A free programme run by the DCU Ryan Academy, the Female High Fliers is an accelerator programme for female-led startups that are less than five years old, and have growth and export potential. Selection is limited, and the programme offers:

  • Comprehensive workshops, mentoring and networking for 13 weeks (the programme is run one day per week).
  • A Demo Day, at which each business pitches to investors, mentors and other influencers from the corporate world.
  • Prizes that will be disclosed during the programme.

Exxcel STEM programme

This free, female-only part-time programme based in Cork covers businesses in the science, tech, engineering and maths sectors, and runs one day a month for six months. It is part-funded by Enterprise Ireland, is open to businesses that have growth and export potential, and offers:

  • Training modules in business planning and models, marketing, sales and funding.
  • Intensive, one-to-one mentoring, as well as networking opportunities.
  • Access to national and global opportunities, as well as support from the Cork Institute of Technology.

Funds

  • The Competitive Female Feasibility Fund is run by Enterprise Ireland, with the objective of helping a female entrepreneur investigate the viability of a business becoming a High Potential Start-Up (HPSU). The maximum grant available is €25,000, and eligibility is based on a female-led business being less than three years old and being in the manufacturing or internationally traded services sectors. Also, the individual or business cannot have been in receipt of more than €10,000 from Enterprise Ireland in the past two years. Full eligibility terms are listed on the website.
  • The Female Competitive Start Fund is also run by Enterprise Ireland, and aims to accelerate the growth of female-led businesses that have the potential to make an impression in global markets. The maximum support available is €50,000 for a 10% ordinary equity stake in the start-up. Businesses that are existing or potential clients of Enterprise Ireland’s High Potential Start-Up department may apply. They must also be operating in the areas of manufacturing or internationally traded services, must be less than five years old and not have annual revenues of over €60,000. Full eligibility terms are listed on the website.

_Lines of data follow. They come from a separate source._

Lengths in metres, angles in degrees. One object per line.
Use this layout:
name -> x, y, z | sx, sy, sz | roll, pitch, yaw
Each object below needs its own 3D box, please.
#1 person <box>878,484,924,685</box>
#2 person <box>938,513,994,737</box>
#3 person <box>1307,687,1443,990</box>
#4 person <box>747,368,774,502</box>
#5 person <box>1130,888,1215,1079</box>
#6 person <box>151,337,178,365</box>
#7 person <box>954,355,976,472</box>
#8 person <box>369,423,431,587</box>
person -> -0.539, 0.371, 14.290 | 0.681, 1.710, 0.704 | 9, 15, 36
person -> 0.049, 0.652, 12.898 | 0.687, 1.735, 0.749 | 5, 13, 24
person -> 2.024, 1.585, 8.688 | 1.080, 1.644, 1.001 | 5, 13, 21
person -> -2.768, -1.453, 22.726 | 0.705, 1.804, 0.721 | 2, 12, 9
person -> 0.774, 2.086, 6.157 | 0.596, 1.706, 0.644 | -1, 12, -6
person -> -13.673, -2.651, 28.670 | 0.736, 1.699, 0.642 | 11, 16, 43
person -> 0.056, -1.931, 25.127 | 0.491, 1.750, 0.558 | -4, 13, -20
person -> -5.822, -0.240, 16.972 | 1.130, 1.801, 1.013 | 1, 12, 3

 These funds are available for limited times and the terms of the offerings may change, so check the websites for reference.

Networking associations

Several organisations around the country provide networking and other supports for female entrepreneurs. These include:

  • The Women in Business Network is run by Local Enterprise Offices, and provides structured support networks around the country for an annual fee of €50. It runs a number of events throughout the year, and you can attend your first meeting for free.
  • Network Ireland helps business women to network across the country. You can attend three meetings as a guest before joining, and membership is €125 a year.

The funds and programmes listed have made great strides in rendering traditional obstacles facing women redundant. In particular, the fact that female-only funds and programmes are so popular proves that women need that targeted support network from their peers, and thrive in those environments.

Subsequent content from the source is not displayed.